● **PROBLEM REQUIREMENTS**:
Search the records below for "pixels"; copy each line that has it.

● **RECORD EXTRACTS**:
>>>
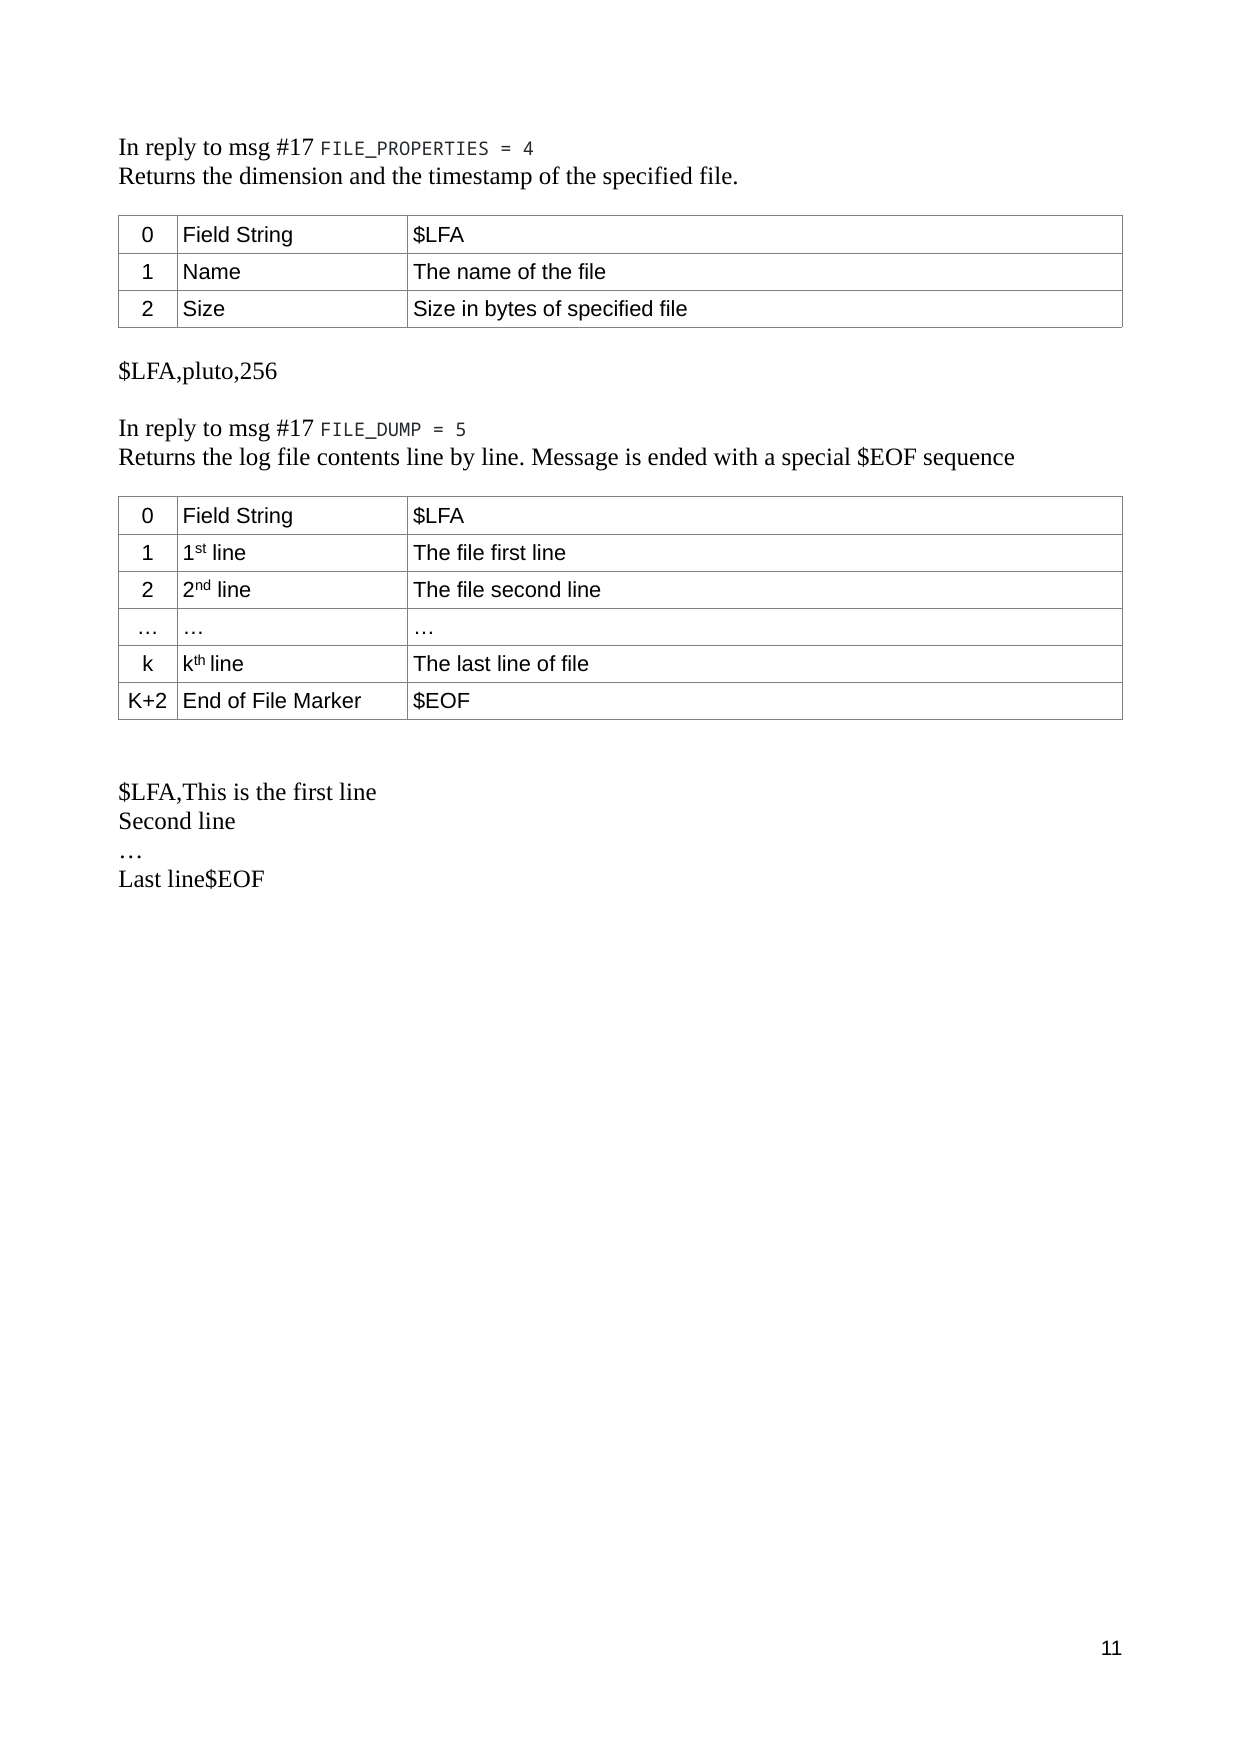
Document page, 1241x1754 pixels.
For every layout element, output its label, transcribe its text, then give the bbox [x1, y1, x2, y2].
<<<
>>>
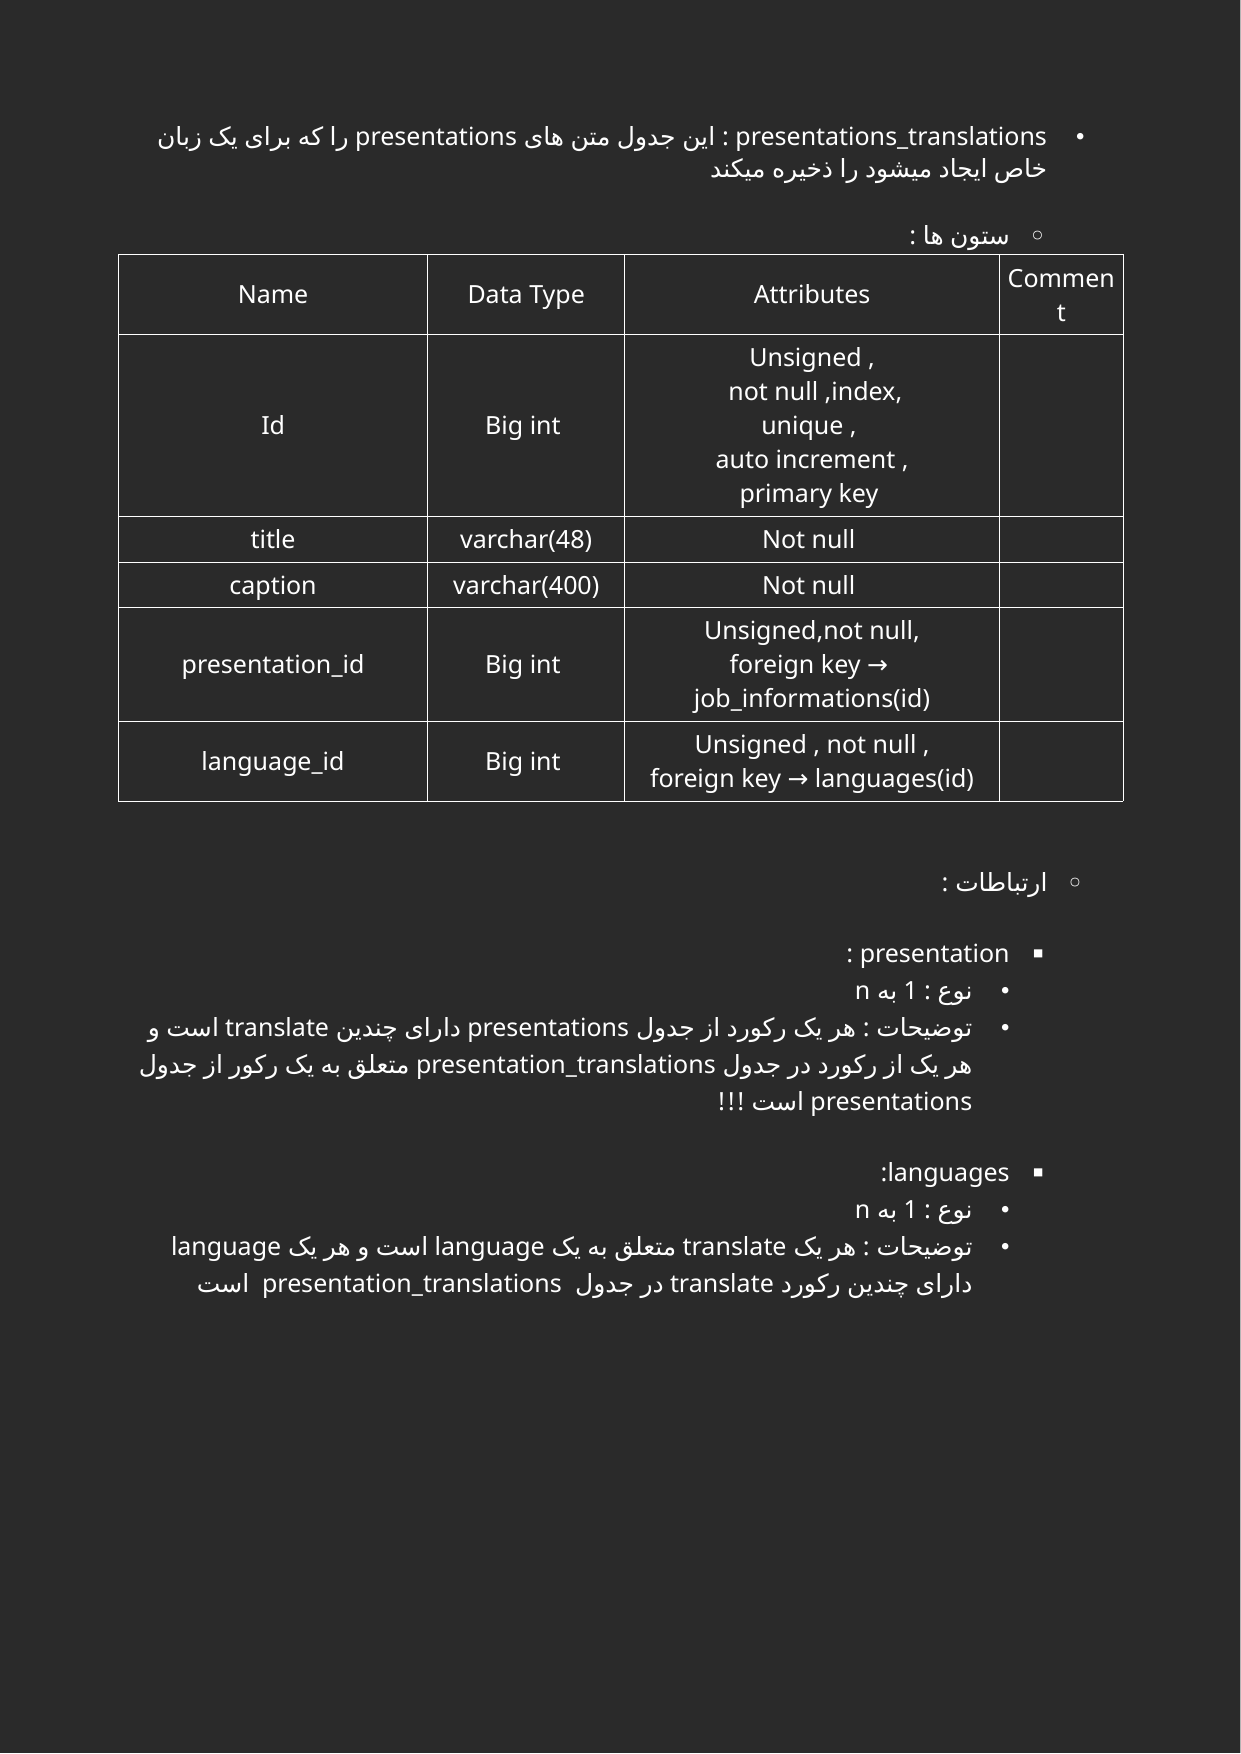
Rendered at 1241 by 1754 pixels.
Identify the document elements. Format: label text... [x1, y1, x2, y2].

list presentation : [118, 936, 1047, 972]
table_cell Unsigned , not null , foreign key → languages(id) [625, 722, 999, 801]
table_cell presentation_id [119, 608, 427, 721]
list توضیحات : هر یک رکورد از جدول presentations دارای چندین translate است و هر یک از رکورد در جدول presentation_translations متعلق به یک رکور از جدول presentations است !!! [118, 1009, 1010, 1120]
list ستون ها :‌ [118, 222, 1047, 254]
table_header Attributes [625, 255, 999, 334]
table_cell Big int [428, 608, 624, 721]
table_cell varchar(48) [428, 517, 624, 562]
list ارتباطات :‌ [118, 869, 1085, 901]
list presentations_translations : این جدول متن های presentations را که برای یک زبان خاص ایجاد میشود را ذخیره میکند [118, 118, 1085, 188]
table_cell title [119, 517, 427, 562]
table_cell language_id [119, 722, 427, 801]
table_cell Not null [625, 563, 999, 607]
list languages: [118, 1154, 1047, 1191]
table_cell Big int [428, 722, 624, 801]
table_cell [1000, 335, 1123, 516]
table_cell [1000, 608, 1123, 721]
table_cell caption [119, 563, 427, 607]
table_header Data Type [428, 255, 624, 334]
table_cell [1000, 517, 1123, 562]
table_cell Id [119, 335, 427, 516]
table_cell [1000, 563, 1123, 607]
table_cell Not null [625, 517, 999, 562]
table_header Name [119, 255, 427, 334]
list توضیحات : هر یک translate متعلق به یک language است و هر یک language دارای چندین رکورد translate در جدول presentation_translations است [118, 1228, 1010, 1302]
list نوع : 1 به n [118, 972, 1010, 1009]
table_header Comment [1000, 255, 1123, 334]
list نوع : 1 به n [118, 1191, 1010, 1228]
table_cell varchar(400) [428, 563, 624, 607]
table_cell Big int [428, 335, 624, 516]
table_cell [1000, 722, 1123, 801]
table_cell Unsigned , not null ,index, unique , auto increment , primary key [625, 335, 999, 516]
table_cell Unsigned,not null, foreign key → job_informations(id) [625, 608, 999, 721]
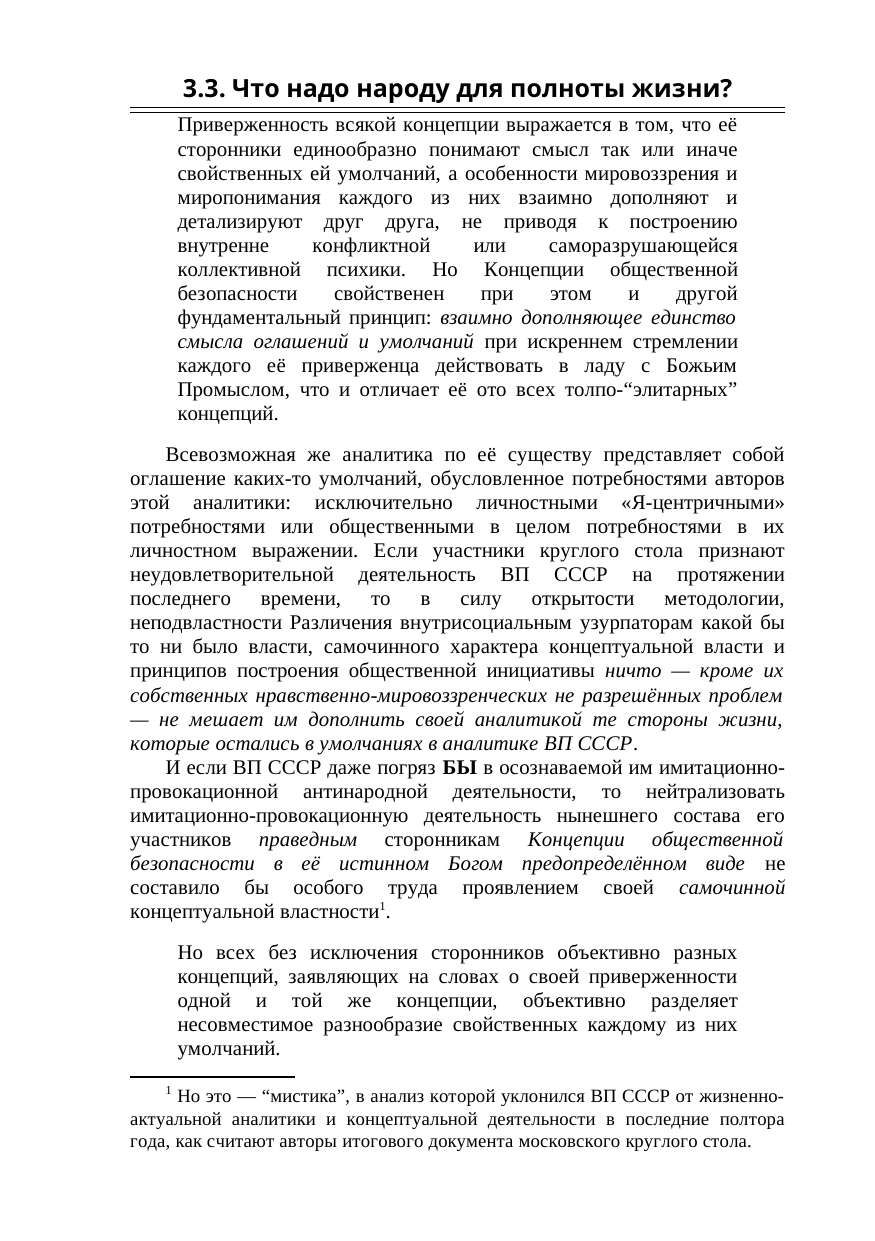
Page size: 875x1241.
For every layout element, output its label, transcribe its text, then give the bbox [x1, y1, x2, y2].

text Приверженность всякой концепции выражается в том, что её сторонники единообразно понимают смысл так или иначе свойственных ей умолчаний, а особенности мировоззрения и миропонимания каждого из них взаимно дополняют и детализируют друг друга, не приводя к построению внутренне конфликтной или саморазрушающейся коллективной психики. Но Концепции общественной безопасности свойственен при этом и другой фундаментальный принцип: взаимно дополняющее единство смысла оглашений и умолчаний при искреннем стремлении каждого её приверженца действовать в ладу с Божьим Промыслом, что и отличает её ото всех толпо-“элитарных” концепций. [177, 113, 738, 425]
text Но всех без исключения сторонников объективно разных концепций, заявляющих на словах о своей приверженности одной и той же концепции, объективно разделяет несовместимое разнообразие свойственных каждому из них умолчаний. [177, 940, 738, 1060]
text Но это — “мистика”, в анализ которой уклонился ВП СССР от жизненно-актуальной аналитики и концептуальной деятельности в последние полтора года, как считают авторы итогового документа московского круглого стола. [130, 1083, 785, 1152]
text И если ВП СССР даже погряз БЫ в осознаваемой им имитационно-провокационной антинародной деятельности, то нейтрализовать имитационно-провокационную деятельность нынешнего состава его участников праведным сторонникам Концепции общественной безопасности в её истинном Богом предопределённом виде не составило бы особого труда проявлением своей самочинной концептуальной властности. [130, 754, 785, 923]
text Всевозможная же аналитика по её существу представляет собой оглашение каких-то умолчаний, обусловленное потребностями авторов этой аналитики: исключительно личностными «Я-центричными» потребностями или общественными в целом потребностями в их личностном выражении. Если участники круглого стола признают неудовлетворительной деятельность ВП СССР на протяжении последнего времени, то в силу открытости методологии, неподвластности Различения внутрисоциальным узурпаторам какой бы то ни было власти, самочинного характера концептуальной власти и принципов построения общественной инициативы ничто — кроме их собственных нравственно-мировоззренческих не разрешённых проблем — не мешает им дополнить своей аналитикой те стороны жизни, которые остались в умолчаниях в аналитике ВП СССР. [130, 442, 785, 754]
<<<
● **EXERCISE RESPONSE**:
Document page, 1241x1754 pixels.
Rendered at 1241 by 1754 pixels.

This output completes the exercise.